EXERCISE INSTRUCTIONS: Once the pictures are set aside, reproduce the entries below exactly.

##### PROVIDED DATA #####

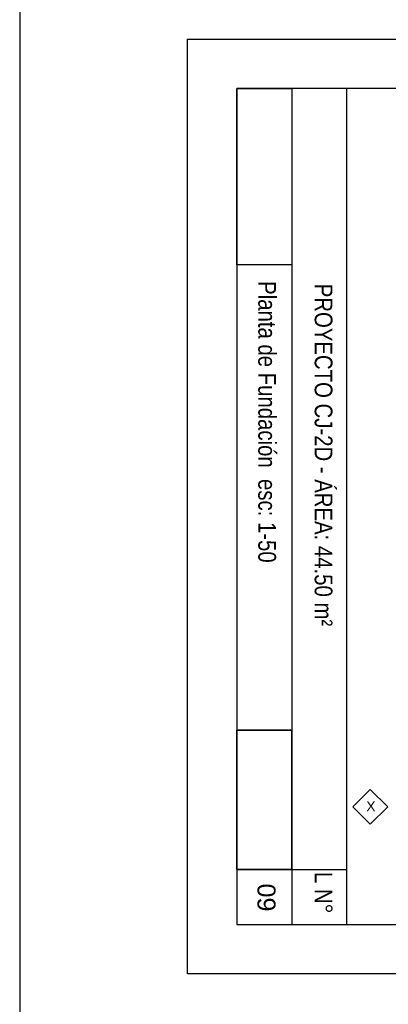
# Model space of a CAD drawing. Header units: millimetres. Extents: x 201 to 840, y 135 to 685.
# Tile 181 of 219: x 336.56 to 340.29, y 331.22 to 341.2. Entities that reach past the tile are written whole.
import ezdxf

# ---------------------------------------------------------------- set-up
doc = ezdxf.new("R2010")
doc.units = ezdxf.units.MM
doc.linetypes.add('ACAD_ISO10W100', pattern=[18, 12, -3, 0, -3])
for name, color, linetype in [('01', 1, 'Continuous'), ('ES-EJES', 2, 'ACAD_ISO10W100'), ('LAMINA', 6, 'Continuous'), ('TEXT', 4, 'Continuous'), ('TEXTO LAMINA', 2, 'Continuous')]:
    doc.layers.add(name, color=color, linetype=linetype)
doc.styles.add('ARIAL', font='arial.ttf', dxfattribs={"height": 0.06})
doc.styles.add('style4', font='swisscl.ttf', dxfattribs={"height": 0.6})
picture_1 = doc.add_image_def('image2.png', size_in_pixel=(322, 127))
picture_2 = doc.add_image_def('image1.jpg', size_in_pixel=(635, 198))
picture_3 = doc.add_image_def('image5.jpg', size_in_pixel=(635, 198))
picture_4 = doc.add_image_def('image6.png', size_in_pixel=(322, 127))

msp = doc.modelspace()

# ---------------------------------------------------------------- linework, layer by layer
msp.add_lwpolyline([(338.2564, 341.0047), (353.5039, 341.0047), (353.5039, 331.528), (338.2564, 331.528)], close=True)
at = {"layer": '01'}
msp.add_lwpolyline([(338.7564, 333.9993), (338.7564, 332.5869), (339.3134, 332.5869), (339.3134, 333.9993)], close=True, dxfattribs=at)
at = {"layer": 'ES-EJES', "color": 3, "linetype": 'ByBlock', "ltscale": 0.02}
msp.add_lwpolyline([(340.2839, 333.2224), (340.1072, 333.3992), (339.9304, 333.2224), (340.1072, 333.0456), (340.2839, 333.2224)], dxfattribs=at)
at = {"layer": 'LAMINA', "color": 2}
for p, q in [((339.8705, 332.028), (339.8705, 340.5047)), ((338.7564, 332.5869), (339.8705, 332.5869))]:
    msp.add_line(p, q, dxfattribs=at)
at = {"layer": 'LAMINA'}
msp.add_lwpolyline([(338.7564, 332.028), (352.8039, 332.028), (352.8039, 340.5047), (338.7564, 340.5047)], close=True, dxfattribs=at)
at = {"layer": 'LAMINA', "color": 1}
msp.add_lwpolyline([(339.3134, 340.5047), (339.3134, 332.028)], dxfattribs=at)
at = {"layer": 'TEXT', "color": 1, "ltscale": 0.01}
msp.add_line((336.5567, 375.8956), (336.5567, 273.5482), dxfattribs=at)

# ---------------------------------------------------------------- texts
at = {"layer": 'ES-EJES', "color": 1, "linetype": 'ByBlock', "ltscale": 0.02, "insert": (340.0667, 333.2772), "char_height": 0.1, "width": 0.56, "attachment_point": 1, "style": 'style4'}
msp.add_mtext('{\\fArial|b0|i0|c0|p34;\\C2;X}', dxfattribs=at)
at = {"layer": 'TEXTO LAMINA', "color": 4, "style": 'ARIAL'}
msp.add_text('09', height=0.18244, rotation=270, dxfattribs=at).set_placement((338.9649, 332.4449))
at = {"layer": 'TEXTO LAMINA', "char_height": 0.18, "attachment_point": 1, "rotation": 270, "style": 'ARIAL'}
for s, width, insert in [('{\\fTechnic|b0|i0|c2|p2;Planta de Fundación  esc: 1-50}', 4.338061, (339.1529, 338.5518)), ('{\\fTechnic|b0|i0|c2|p2;PROYECTO CJ-2D - ÁREA: 44.50 m²}', 4.338061, (339.7239, 338.5248)), ('{\\fTechnic|b0|i0|c2|p2;L N°}', 0.539921, (339.7239, 332.5625))]:
    msp.add_mtext_dynamic_manual_height_columns(s, width=width, gutter_width=12.5, heights=[0], dxfattribs=dict(at, insert=insert))

# ---------------------------------------------------------------- pictures from other files: only their frames are drawn
image = msp.add_image(picture_2, insert=(338.7564, 340.5047), size_in_units=(1.7866, 0.5571), rotation=-90)
image.dxf.flags = 7
image = msp.add_image(picture_1, insert=(338.7564, 333.9993), size_in_units=(1.4124, 0.5571), rotation=-90)
image.dxf.flags = 7
at = {"layer": '01'}
image = msp.add_image(picture_3, insert=(338.7564, 340.5047), size_in_units=(1.7866, 0.5571), rotation=-90, dxfattribs=at)
image.dxf.flags = 7
image = msp.add_image(picture_4, insert=(338.7564, 333.9993), size_in_units=(1.4124, 0.5571), rotation=-90, dxfattribs=at)
image.dxf.flags = 7

doc.saveas('drawing.dxf')

#####

ANSWER TO THE PROBLEM:
# Model space of a CAD drawing. Header units: millimetres. Extents: x 201 to 840, y 135 to 685.
# Tile 181 of 219: x 336.56 to 340.29, y 331.22 to 341.2. Entities that reach past the tile are written whole.
import ezdxf

# ---------------------------------------------------------------- set-up
doc = ezdxf.new("R2010")
doc.units = ezdxf.units.MM
doc.linetypes.add('ACAD_ISO10W100', pattern=[18, 12, -3, 0, -3])
for name, color, linetype in [('01', 1, 'Continuous'), ('ES-EJES', 2, 'ACAD_ISO10W100'), ('LAMINA', 6, 'Continuous'), ('TEXT', 4, 'Continuous'), ('TEXTO LAMINA', 2, 'Continuous')]:
    doc.layers.add(name, color=color, linetype=linetype)
doc.styles.add('ARIAL', font='arial.ttf', dxfattribs={"height": 0.06})
doc.styles.add('style4', font='swisscl.ttf', dxfattribs={"height": 0.6})
picture_1 = doc.add_image_def('image2.png', size_in_pixel=(322, 127))
picture_2 = doc.add_image_def('image1.jpg', size_in_pixel=(635, 198))
picture_3 = doc.add_image_def('image5.jpg', size_in_pixel=(635, 198))
picture_4 = doc.add_image_def('image6.png', size_in_pixel=(322, 127))

msp = doc.modelspace()

# ---------------------------------------------------------------- linework, layer by layer
msp.add_lwpolyline([(338.2564, 341.0047), (353.5039, 341.0047), (353.5039, 331.528), (338.2564, 331.528)], close=True)
at = {"layer": '01'}
msp.add_lwpolyline([(338.7564, 333.9993), (338.7564, 332.5869), (339.3134, 332.5869), (339.3134, 333.9993)], close=True, dxfattribs=at)
at = {"layer": 'ES-EJES', "color": 3, "linetype": 'ByBlock', "ltscale": 0.02}
msp.add_lwpolyline([(340.2839, 333.2224), (340.1072, 333.3992), (339.9304, 333.2224), (340.1072, 333.0456), (340.2839, 333.2224)], dxfattribs=at)
at = {"layer": 'LAMINA', "color": 2}
for p, q in [((339.8705, 332.028), (339.8705, 340.5047)), ((338.7564, 332.5869), (339.8705, 332.5869))]:
    msp.add_line(p, q, dxfattribs=at)
at = {"layer": 'LAMINA'}
msp.add_lwpolyline([(338.7564, 332.028), (352.8039, 332.028), (352.8039, 340.5047), (338.7564, 340.5047)], close=True, dxfattribs=at)
at = {"layer": 'LAMINA', "color": 1}
msp.add_lwpolyline([(339.3134, 340.5047), (339.3134, 332.028)], dxfattribs=at)
at = {"layer": 'TEXT', "color": 1, "ltscale": 0.01}
msp.add_line((336.5567, 375.8956), (336.5567, 273.5482), dxfattribs=at)

# ---------------------------------------------------------------- texts
at = {"layer": 'ES-EJES', "color": 1, "linetype": 'ByBlock', "ltscale": 0.02, "insert": (340.0667, 333.2772), "char_height": 0.1, "width": 0.56, "attachment_point": 1, "style": 'style4'}
msp.add_mtext('{\\fArial|b0|i0|c0|p34;\\C2;X}', dxfattribs=at)
at = {"layer": 'TEXTO LAMINA', "color": 4, "style": 'ARIAL'}
msp.add_text('09', height=0.18244, rotation=270, dxfattribs=at).set_placement((338.9649, 332.4449))
at = {"layer": 'TEXTO LAMINA', "char_height": 0.18, "attachment_point": 1, "rotation": 270, "style": 'ARIAL'}
for s, width, insert in [('{\\fTechnic|b0|i0|c2|p2;Planta de Fundación  esc: 1-50}', 4.338061, (339.1529, 338.5518)), ('{\\fTechnic|b0|i0|c2|p2;PROYECTO CJ-2D - ÁREA: 44.50 m²}', 4.338061, (339.7239, 338.5248)), ('{\\fTechnic|b0|i0|c2|p2;L N°}', 0.539921, (339.7239, 332.5625))]:
    msp.add_mtext_dynamic_manual_height_columns(s, width=width, gutter_width=12.5, heights=[0], dxfattribs=dict(at, insert=insert))

# ---------------------------------------------------------------- pictures from other files: only their frames are drawn
image = msp.add_image(picture_2, insert=(338.7564, 340.5047), size_in_units=(1.7866, 0.5571), rotation=-90)
image.dxf.flags = 7
image = msp.add_image(picture_1, insert=(338.7564, 333.9993), size_in_units=(1.4124, 0.5571), rotation=-90)
image.dxf.flags = 7
at = {"layer": '01'}
image = msp.add_image(picture_3, insert=(338.7564, 340.5047), size_in_units=(1.7866, 0.5571), rotation=-90, dxfattribs=at)
image.dxf.flags = 7
image = msp.add_image(picture_4, insert=(338.7564, 333.9993), size_in_units=(1.4124, 0.5571), rotation=-90, dxfattribs=at)
image.dxf.flags = 7

doc.saveas('drawing.dxf')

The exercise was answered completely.